Executive Jet Aviation, Inc. (“EJA”) appeals from the judgment of the United States Court of Federal Claims dismissing EJA’s complaint seeking a tax refund. On cross-motions for summary judgment, the court held that EJA was not entitled to a refund of $15,674.60. Executive Jet Aviation v. United States, Slip Op. No. 95-7T (March 29, 1996). This sum represents the difference between the total air transportation taxes that were paid pursuant to Internal Revenue Code (“IRC”) § 4261 with respect to certain flights EJA conducted for Texaco Air Services Inc. (“Texaco Air”) and the total taxes that would have been paid had the flights instead been subject to the IRC § 4041(c) fuel tax for noncommercial aviation. We affirm.

BACKGROUND

I.

This case involves a dispute over the interpretation of two mutually exclusive provisions of the Internal Revenue Code concerning the taxation of commercial and noncommercial aviation. Prior to 1970, both commercial and noncommercial flights were subject to a gasoline tax, while commercial flights also were subject to a transportation tax of five percent of the amount paid. 26 U.S.C. §§ 4041(b), 4261(a) (1964 & Supp. V.1970). In 1970, Congress enacted the Airport and Airway Revenue Act, Pub.L. No. 91-258, 84 Stat. 219, 236. It did so in order to finance anticipated *1465 growth in demand for air transportation by increasing the tax rate on commercial aircraft users and by adding a new tax for noncommercial aviation users. H.R.Rep. No. 91-601, at 35-36 (1969), reprinted in 1970 U.S.C.C.A.N. 3047, 3082. Noncommercial flights were made subject only to gasoline and nongasoline fuel taxes, 26 U.S.C. § 4041(c), while commercial flights were made subject only to an air transportation tax, calculated as a percentage of the fee charged for the transportation, 26 U.S.C. § 4261. Id.
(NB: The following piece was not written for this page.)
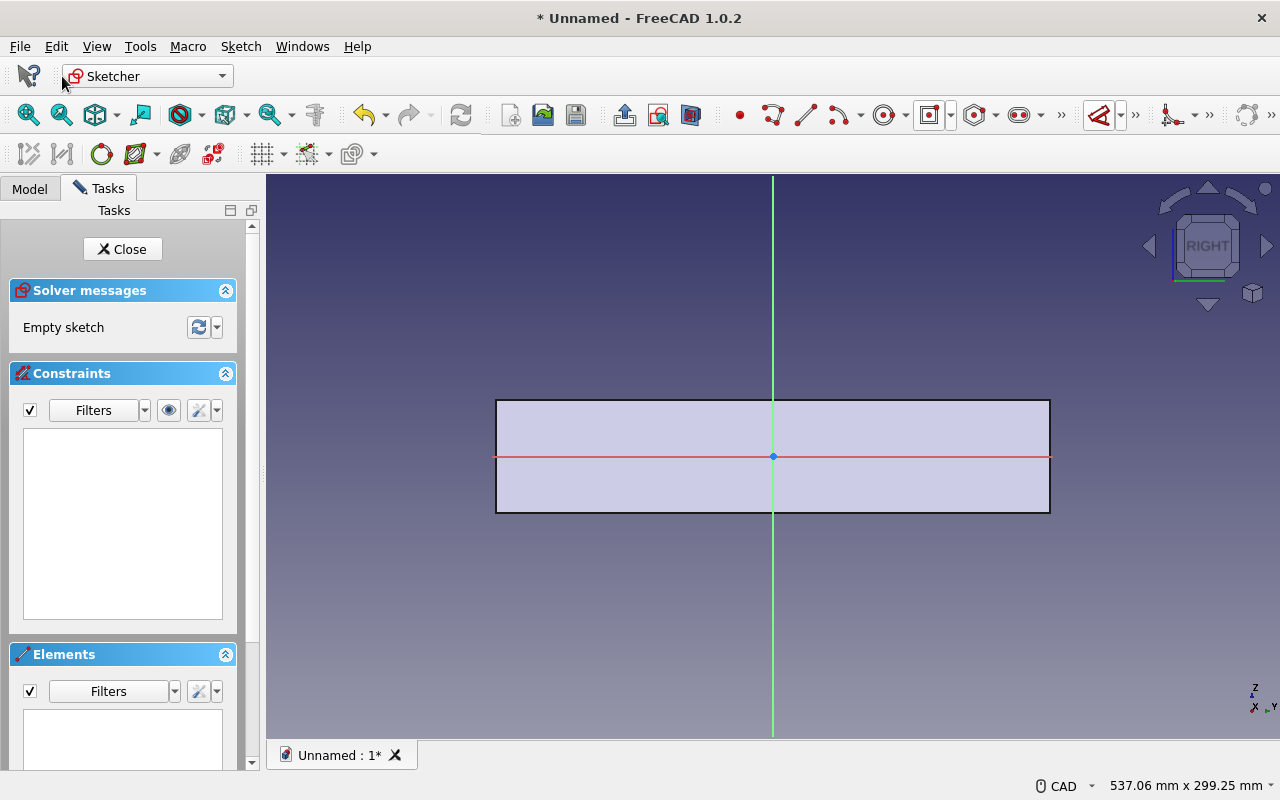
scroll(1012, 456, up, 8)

During the relevant period of time, IRC § 4261 imposed upon “the amount paid for taxable transportation (as defined in section 4262) of any person a tax equal to 10 percent of the amount so paid.” 26 U.S.C. § 4261 (Supp.V.1993). “Taxable transportation” is “transportation by air which begins in the United States or in the 225-mile zone and ends in the United States or in the 225-mile zone.” 26 U.S.C. § 4262(a)(1) (1988). 1 IRC § 4041(c), on the other hand, provides for a per-gallon retail excise tax for fuels used in an aircraft in “noncommercial aviation.” 26 U.S.C. § 4041(c). Under IRC § 4041(c)(4), “noncommercial aviation” is defined as “any use of an aircraft, other than use in a business of transporting persons or property for compensation or hire by air.” This section also specifies that the term “noncommercial aviation” includes any use of an aircraft that is exempt from taxes imposed by section 4261. Id.

II.

The pertinent facts are not in dispute. EJA is an aircraft management and air charter service company. At issue in this case is its “NetJets” program. During the period April 1, 1993, to September 20, 1993, the program provided participants with air transportation and aircraft maintenance services. The program served parties who had the need for exclusive use of a corporate aircraft but who did not need the aircraft on a full-time basis.

A party wishing to become a NetJets participant was required to own or lease an interest in an aircraft. Fractional interests ranged from one-eighth to seven-eighths. Most NetJets participants purchased or leased their interests from Executive Jet Sales, Inc. (“EJS”), a wholly-owned subsidiary of EJA. When entering the NetJets program in this manner through a purchase, a participant would enter into a Purchase Agreement with EJS. Pursuant to the Purchase Agreement, on the closing date, EJS would transfer to the participant the specified interest in the subject aircraft by conveying a bill of sale. As a condition precedent to closing, the participant was required to enter into a Management Agreement with EJA, an Owners Agreement with the party or parties holding additional interests in the aircraft, and a Master Interchange Agreement with EJA (the “Interchange Agreement”). Under the Purchase Agreement, the participant agreed not to sell or otherwise transfer its interest in the aircraft— except to an affiliate — without the prior written consent of EJS, so long as the aircraft was being operated under the terms of the Management Agreement, the Owners Agreement, and the Interchange Agreement. The giving of such consent was, among other things, contingent upon the “New Purchaser” assuming all of the participant’s obligations under the above three agreements.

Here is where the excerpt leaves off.